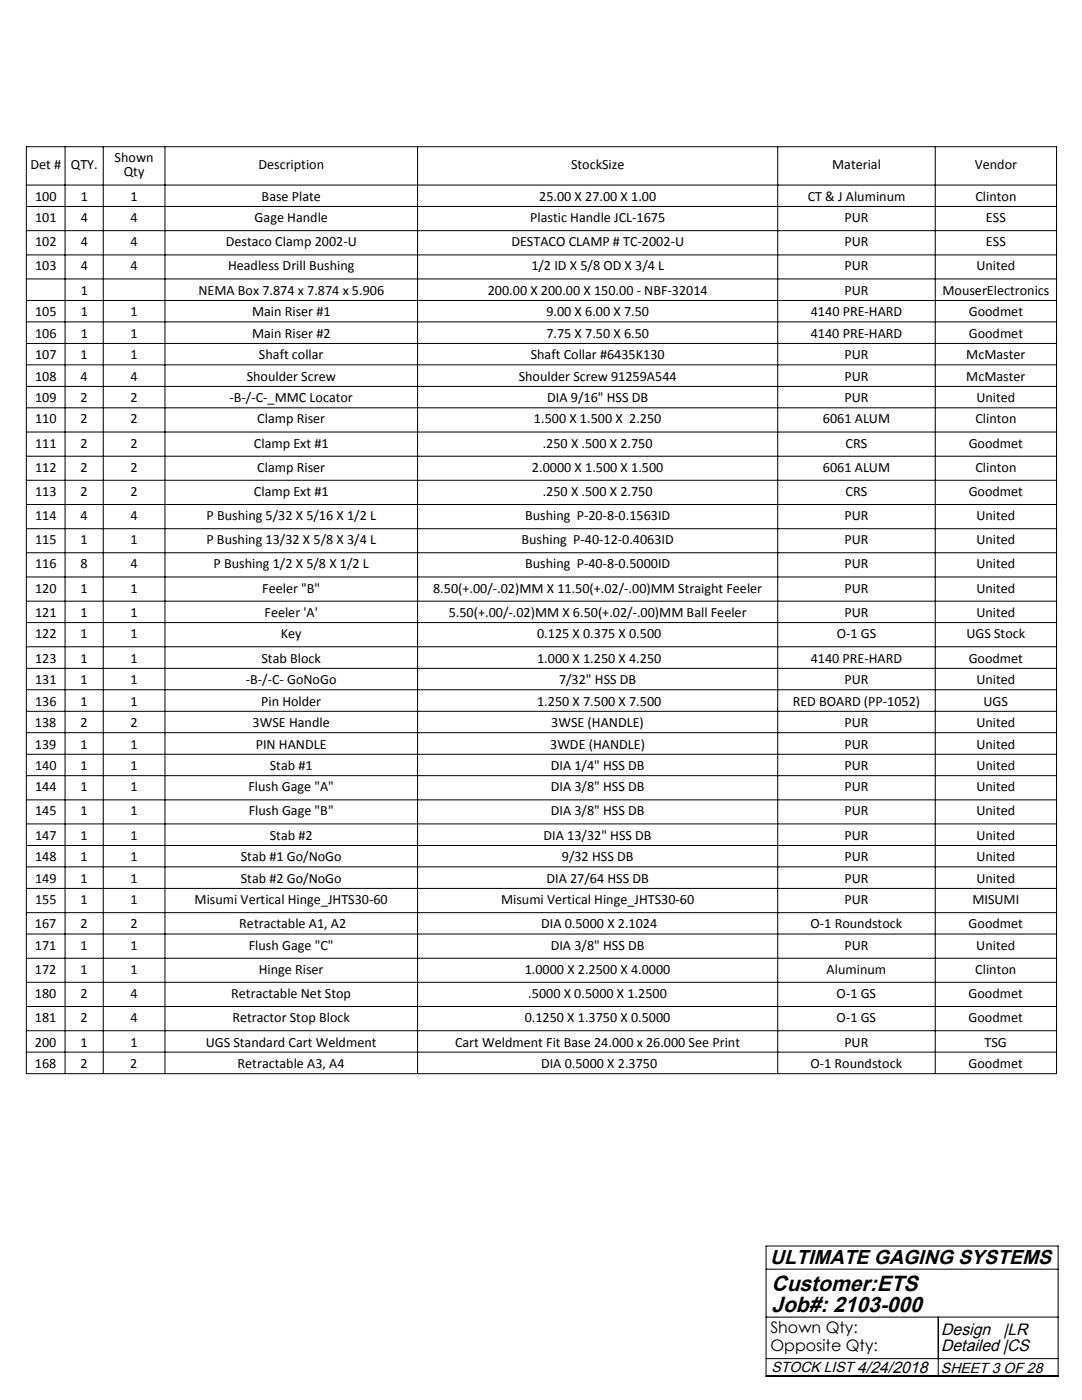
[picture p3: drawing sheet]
<svg xmlns="http://www.w3.org/2000/svg" width="216mm" height="279mm" viewBox="0 0 216 279" stroke-linecap="round" stroke-linejoin="round" font-family="sans-serif">
<defs><g id="words">
<g font-size="4.4">
<text x="154" y="257.6">Customer:ETS</text>
<text x="154" y="261.9">Job#: 2103-000</text>
</g>
<text font-size="4" x="153.7" y="252.3">ULTIMATE GAGING SYSTEMS</text>
<g font-size="3.3">
<text x="187.8" y="266.4">Design</text>
<text x="187.8" y="269.6">Detailed |CS</text>
<text x="200.2" y="266.4">|LR</text>
</g>
<g font-size="3.2">
<text x="153.7" y="266.1">Shown Qty:</text>
<text x="153.7" y="269.6">Opposite Qty:</text>
</g>
<g font-size="2.9">
<text x="154" y="273.8">STOCK LIST 4/24/2018</text>
<text x="187.8" y="273.9">SHEET 3 OF 28</text>
</g>
<g font-size="2.8">
<text x="6.1" y="33.8">Det #</text>
<text x="14.1" y="33.8">QTY.</text>
<text x="22.9" y="32.4">Shown</text>
<text x="24.7" y="35.2">Qty</text>
<text x="51.6" y="33.8">Description</text>
<text x="113.9" y="33.8">StockSize</text>
<text x="166" y="33.8">Material</text>
<text x="194.5" y="33.8">Vendor</text>
<text x="7" y="40.1">100</text>
<text x="16.1" y="40.1">1</text>
<text x="26" y="40.1">1</text>
<text x="52.2" y="40.1">Base Plate</text>
<text x="107.6" y="40.1">25.00 X 27.00 X 1.00</text>
<text x="161.2" y="40.1">CT &amp; J Aluminum</text>
<text x="194.6" y="40.1">Clinton</text>
<text x="7" y="44.3">101</text>
<text x="16.1" y="44.3">4</text>
<text x="26" y="44.3">4</text>
<text x="50.8" y="44.3">Gage Handle</text>
<text x="105.8" y="44.3">Plastic Handle JCL-1675</text>
<text x="168.5" y="44.3">PUR</text>
<text x="196.7" y="44.3">ESS</text>
<text x="7" y="49.1">102</text>
<text x="7" y="54">103</text>
<text x="16.1" y="49.1">4</text>
<text x="16.1" y="54">4</text>
<text x="26" y="49.1">4</text>
<text x="26" y="54">4</text>
<text x="45.1" y="49.1">Destaco Clamp 2002-U</text>
<text x="45.5" y="54">Headless Drill Bushing</text>
<text x="102" y="49.1">DESTACO CLAMP # TC-2002-U</text>
<text x="106" y="54">1/2 ID X 5/8 OD X 3/4 L</text>
<text x="168.5" y="49.1">PUR</text>
<text x="168.5" y="54">PUR</text>
<text x="194.8" y="54">United</text>
<text x="196.7" y="49.1">ESS</text>
<text x="16.1" y="58.8">1</text>
<text x="39.6" y="58.8">NEMA Box 7.874 x 7.874 x 5.906</text>
<text x="97.3" y="58.8">200.00 X 200.00 X 150.00 - NBF-32014</text>
<text x="168.5" y="58.8">PUR</text>
<text x="188.1" y="58.8">MouserElectronics</text>
<text x="7" y="63.1">105</text>
<text x="16.1" y="63.1">1</text>
<text x="26" y="63.1">1</text>
<text x="50.3" y="63.1">Main Riser #1</text>
<text x="109" y="63.1">9.00 X 6.00 X 7.50</text>
<text x="161.8" y="63.1">4140 PRE-HARD</text>
<text x="193.3" y="63.1">Goodmet</text>
<text x="7" y="71.7">107</text>
<text x="7" y="67.4">106</text>
<text x="16.1" y="71.7">1</text>
<text x="16.1" y="67.4">1</text>
<text x="26" y="71.7">1</text>
<text x="26" y="67.4">1</text>
<text x="50.3" y="67.4">Main Riser #2</text>
<text x="51.7" y="71.7">Shaft collar</text>
<text x="105.9" y="71.7">Shaft Collar #6435K130</text>
<text x="109" y="67.4">7.75 X 7.50 X 6.50</text>
<text x="161.8" y="67.4">4140 PRE-HARD</text>
<text x="168.5" y="71.7">PUR</text>
<text x="192.8" y="71.7">McMaster</text>
<text x="193.3" y="67.4">Goodmet</text>
<text x="7" y="76">108</text>
<text x="16.1" y="76">4</text>
<text x="26" y="76">4</text>
<text x="49.2" y="76">Shoulder Screw</text>
<text x="103.5" y="76">Shoulder Screw 91259A544</text>
<text x="168.5" y="76">PUR</text>
<text x="192.8" y="76">McMaster</text>
<text x="7" y="80.3">109</text>
<text x="16.1" y="80.3">2</text>
<text x="26" y="80.3">2</text>
<text x="45.8" y="80.3">-B-/-C-_MMC Locator</text>
<text x="109.2" y="80.3">DIA 9/16&quot; HSS DB</text>
<text x="168.5" y="80.3">PUR</text>
<text x="194.8" y="80.3">United</text>
<text x="7" y="89.3">111</text>
<text x="7" y="84.5">110</text>
<text x="16.1" y="89.3">2</text>
<text x="16.1" y="84.5">2</text>
<text x="26" y="89.3">2</text>
<text x="26" y="84.5">2</text>
<text x="50.7" y="89.3">Clamp Ext #1</text>
<text x="51.3" y="84.5">Clamp Riser</text>
<text x="106.5" y="84.5">1.500 X 1.500 X 2.250</text>
<text x="108.3" y="89.3">.250 X .500 X 2.750</text>
<text x="164.2" y="84.5">6061 ALUM</text>
<text x="168.7" y="89.3">CRS</text>
<text x="193.3" y="89.3">Goodmet</text>
<text x="194.6" y="84.5">Clinton</text>
<text x="7" y="94.1">112</text>
<text x="16.1" y="94.1">2</text>
<text x="26" y="94.1">2</text>
<text x="51.3" y="94.1">Clamp Riser</text>
<text x="106.2" y="94.1">2.0000 X 1.500 X 1.500</text>
<text x="164.2" y="94.1">6061 ALUM</text>
<text x="194.6" y="94.1">Clinton</text>
<text x="7" y="99">113</text>
<text x="16.1" y="99">2</text>
<text x="26" y="99">2</text>
<text x="50.7" y="99">Clamp Ext #1</text>
<text x="108.3" y="99">.250 X .500 X 2.750</text>
<text x="168.7" y="99">CRS</text>
<text x="193.3" y="99">Goodmet</text>
<text x="7" y="103.8">114</text>
<text x="16.1" y="103.8">4</text>
<text x="26" y="103.8">4</text>
<text x="41.2" y="103.8">P Bushing 5/32 X 5/16 X 1/2 L</text>
<text x="104.8" y="103.8">Bushing P-20-8-0.1563ID</text>
<text x="168.5" y="103.8">PUR</text>
<text x="194.8" y="103.8">United</text>
<text x="7" y="108.6">115</text>
<text x="7" y="113.4">116</text>
<text x="16.1" y="108.6">1</text>
<text x="16.1" y="113.4">8</text>
<text x="26" y="108.6">1</text>
<text x="26" y="113.4">4</text>
<text x="41.2" y="108.6">P Bushing 13/32 X 5/8 X 3/4 L</text>
<text x="42.6" y="113.4">P Bushing 1/2 X 5/8 X 1/2 L</text>
<text x="104" y="108.6">Bushing P-40-12-0.4063ID</text>
<text x="104.8" y="113.4">Bushing P-40-8-0.5000ID</text>
<text x="168.5" y="113.4">PUR</text>
<text x="168.5" y="108.6">PUR</text>
<text x="194.8" y="113.4">United</text>
<text x="194.8" y="108.6">United</text>
<text x="7" y="118.3">120</text>
<text x="16.1" y="118.3">1</text>
<text x="26" y="118.3">1</text>
<text x="52.3" y="118.3">Feeler &quot;B&quot;</text>
<text x="86.4" y="118.3">8.50(+.00/-.02)MM X 11.50(+.02/-.00)MM Straight Feeler</text>
<text x="168.5" y="118.3">PUR</text>
<text x="194.8" y="118.3">United</text>
<text x="7" y="123.1">121</text>
<text x="16.1" y="123.1">1</text>
<text x="26" y="123.1">1</text>
<text x="52.8" y="123.1">Feeler 'A'</text>
<text x="89.5" y="123.1">5.50(+.00/-.02)MM X 6.50(+.02/-.00)MM Ball Feeler</text>
<text x="168.5" y="123.1">PUR</text>
<text x="194.8" y="123.1">United</text>
<text x="7" y="127.4">122</text>
<text x="16.1" y="127.4">1</text>
<text x="26" y="127.4">1</text>
<text x="56" y="127.4">Key</text>
<text x="107.2" y="127.4">0.125 X 0.375 X 0.500</text>
<text x="167" y="127.4">O-1 GS</text>
<text x="192.8" y="127.4">UGS Stock</text>
<text x="7" y="136.5">131</text>
<text x="7" y="132.2">123</text>
<text x="16.1" y="136.5">1</text>
<text x="16.1" y="132.2">1</text>
<text x="26" y="136.5">1</text>
<text x="26" y="132.2">1</text>
<text x="49.1" y="136.5">-B-/-C- GoNoGo</text>
<text x="52.2" y="132.2">Stab Block</text>
<text x="107.2" y="132.2">1.000 X 1.250 X 4.250</text>
<text x="111.5" y="136.5">7/32&quot; HSS DB</text>
<text x="161.8" y="132.2">4140 PRE-HARD</text>
<text x="168.5" y="136.5">PUR</text>
<text x="193.3" y="132.2">Goodmet</text>
<text x="194.8" y="136.5">United</text>
<text x="7" y="140.8">136</text>
<text x="16.1" y="140.8">1</text>
<text x="26" y="140.8">1</text>
<text x="52.1" y="140.8">Pin Holder</text>
<text x="107.2" y="140.8">1.250 X 7.500 X 7.500</text>
<text x="158.2" y="140.8">RED BOARD (PP-1052)</text>
<text x="196.3" y="140.8">UGS</text>
<text x="7" y="145.1">138</text>
<text x="7" y="149.4">139</text>
<text x="16.1" y="145.1">2</text>
<text x="16.1" y="149.4">1</text>
<text x="26" y="145.1">2</text>
<text x="26" y="149.4">1</text>
<text x="50.4" y="145.1">3WSE Handle</text>
<text x="51" y="149.4">PIN HANDLE</text>
<text x="109.8" y="149.4">3WDE (HANDLE)</text>
<text x="110" y="145.1">3WSE (HANDLE)</text>
<text x="168.5" y="145.1">PUR</text>
<text x="168.5" y="149.4">PUR</text>
<text x="194.8" y="145.1">United</text>
<text x="194.8" y="149.4">United</text>
<text x="7" y="153.7">140</text>
<text x="16.1" y="153.7">1</text>
<text x="26" y="153.7">1</text>
<text x="53.8" y="153.7">Stab #1</text>
<text x="109.9" y="153.7">DIA 1/4&quot; HSS DB</text>
<text x="168.5" y="153.7">PUR</text>
<text x="194.8" y="153.7">United</text>
<text x="7" y="157.9">144</text>
<text x="16.1" y="157.9">1</text>
<text x="26" y="157.9">1</text>
<text x="49.6" y="157.9">Flush Gage &quot;A&quot;</text>
<text x="109.9" y="157.9">DIA 3/8&quot; HSS DB</text>
<text x="168.5" y="157.9">PUR</text>
<text x="194.8" y="157.9">United</text>
<text x="7" y="162.7">145</text>
<text x="7" y="167.6">147</text>
<text x="16.1" y="162.7">1</text>
<text x="16.1" y="167.6">1</text>
<text x="26" y="162.7">1</text>
<text x="26" y="167.6">1</text>
<text x="49.6" y="162.7">Flush Gage &quot;B&quot;</text>
<text x="53.8" y="167.6">Stab #2</text>
<text x="108.5" y="167.6">DIA 13/32&quot; HSS DB</text>
<text x="109.9" y="162.7">DIA 3/8&quot; HSS DB</text>
<text x="168.5" y="162.7">PUR</text>
<text x="168.5" y="167.6">PUR</text>
<text x="194.8" y="162.7">United</text>
<text x="194.8" y="167.6">United</text>
<text x="7" y="171.9">148</text>
<text x="16.1" y="171.9">1</text>
<text x="26" y="171.9">1</text>
<text x="48" y="171.9">Stab #1 Go/NoGo</text>
<text x="112.1" y="171.9">9/32 HSS DB</text>
<text x="168.5" y="171.9">PUR</text>
<text x="194.8" y="171.9">United</text>
<text x="7" y="176.2">149</text>
<text x="16.1" y="176.2">1</text>
<text x="26" y="176.2">1</text>
<text x="48" y="176.2">Stab #2 Go/NoGo</text>
<text x="109" y="176.2">DIA 27/64 HSS DB</text>
<text x="168.5" y="176.2">PUR</text>
<text x="194.8" y="176.2">United</text>
<text x="7" y="185.3">167</text>
<text x="7" y="180.4">155</text>
<text x="16.1" y="185.3">2</text>
<text x="16.1" y="180.4">1</text>
<text x="26" y="185.3">2</text>
<text x="26" y="180.4">1</text>
<text x="38.8" y="180.4">Misumi Vertical Hinge_JHTS30-60</text>
<text x="47.7" y="185.3">Retractable A1, A2</text>
<text x="100" y="180.4">Misumi Vertical Hinge_JHTS30-60</text>
<text x="108" y="185.3">DIA 0.5000 X 2.1024</text>
<text x="161.7" y="185.3">O-1 Roundstock</text>
<text x="168.5" y="180.4">PUR</text>
<text x="193.3" y="185.3">Goodmet</text>
<text x="194" y="180.4">MISUMI</text>
<text x="7" y="189.5">171</text>
<text x="16.1" y="189.5">1</text>
<text x="26" y="189.5">1</text>
<text x="49.6" y="189.5">Flush Gage &quot;C&quot;</text>
<text x="109.9" y="189.5">DIA 3/8&quot; HSS DB</text>
<text x="168.5" y="189.5">PUR</text>
<text x="194.8" y="189.5">United</text>
<text x="7" y="194.3">172</text>
<text x="16.1" y="194.3">1</text>
<text x="26" y="194.3">1</text>
<text x="51.6" y="194.3">Hinge Riser</text>
<text x="104.7" y="194.3">1.0000 X 2.2500 X 4.0000</text>
<text x="164.9" y="194.3">Aluminum</text>
<text x="194.6" y="194.3">Clinton</text>
<text x="7" y="204">181</text>
<text x="7" y="199.2">180</text>
<text x="16.1" y="204">2</text>
<text x="16.1" y="199.2">2</text>
<text x="26" y="204">4</text>
<text x="26" y="199.2">4</text>
<text x="46.1" y="199.2">Retractable Net Stop</text>
<text x="46.4" y="204">Retractor Stop Block</text>
<text x="104.7" y="204">0.1250 X 1.3750 X 0.5000</text>
<text x="105.4" y="199.2">.5000 X 0.5000 X 1.2500</text>
<text x="166.9" y="204">O-1 GS</text>
<text x="166.9" y="199.2">O-1 GS</text>
<text x="193.3" y="204">Goodmet</text>
<text x="193.3" y="199.2">Goodmet</text>
<text x="7" y="208.9">200</text>
<text x="16.1" y="208.9">1</text>
<text x="26" y="208.9">1</text>
<text x="41" y="208.9">UGS Standard Cart Weldment</text>
<text x="90.8" y="208.9">Cart Weldment Fit Base 24.000 x 26.000 See Print</text>
<text x="168.5" y="208.9">PUR</text>
<text x="196.5" y="208.9">TSG</text>
<text x="7" y="213.2">168</text>
<text x="16.1" y="213.2">2</text>
<text x="26" y="213.2">2</text>
<text x="47.4" y="213.2">Retractable A3, A4</text>
<text x="108" y="213.2">DIA 0.5000 X 2.3750</text>
<text x="161.7" y="213.2">O-1 Roundstock</text>
<text x="193.3" y="213.2">Goodmet</text>
</g>
</g></defs>
<g fill="none" stroke="#000" stroke-width=".2">
<path d="M5.3 29.3h205.5v185h-205.5zM5.3 36.9h205.5M13 29.3v185M20.6 29.3v185M32.9 29.3v185M83.3 29.3v185M155.2 29.3v185M186.6 29.3v185M5.3 41.2h205.5M5.3 46h205.5M5.3 50.9h205.5M5.3 55.7h205.5"/>
<path d="M5.3 60h205.5M5.3 64.2h205.5M5.3 68.5h205.5M5.3 72.8h205.5M5.3 77.1h205.5M5.3 81.4h205.5M5.3 86.2h205.5M5.3 91.1h205.5M5.3 95.8h205.5M5.3 100.7h205.5M5.3 105.5h205.5M5.3 110.3h205.5"/>
<path d="M5.3 115.1h205.5M5.3 120h205.5M5.3 124.2h205.5M5.3 129.1h205.5M5.3 133.4h205.5M5.3 137.7h205.5M5.3 142h205.5M5.3 146.2h205.5M5.3 150.5h205.5M5.3 154.8h205.5M5.3 159.6h205.5M5.3 164.4h205.5"/>
<path d="M5.3 168.7h205.5M5.3 173h205.5M5.3 177.3h205.5M5.3 182.1h205.5M5.3 186.4h205.5M5.3 191.2h205.5M5.3 196h205.5M5.3 200.9h205.5M5.3 205.7h205.5M5.3 210h205.5M152.9 248.7h58.2v25.9h-58.2zM152.9 253.3h58.2"/>
<path d="M152.9 271.1h58.2M152.9 262.9h58.2M187.2 262.9v11.7"/>
</g>
<use href="#words"/>
</svg>

============================================================

WORK TASK:
Find how many lines contain "Shoulder" in the data. Write that number and nothing else.

ANSWER BELOW:
2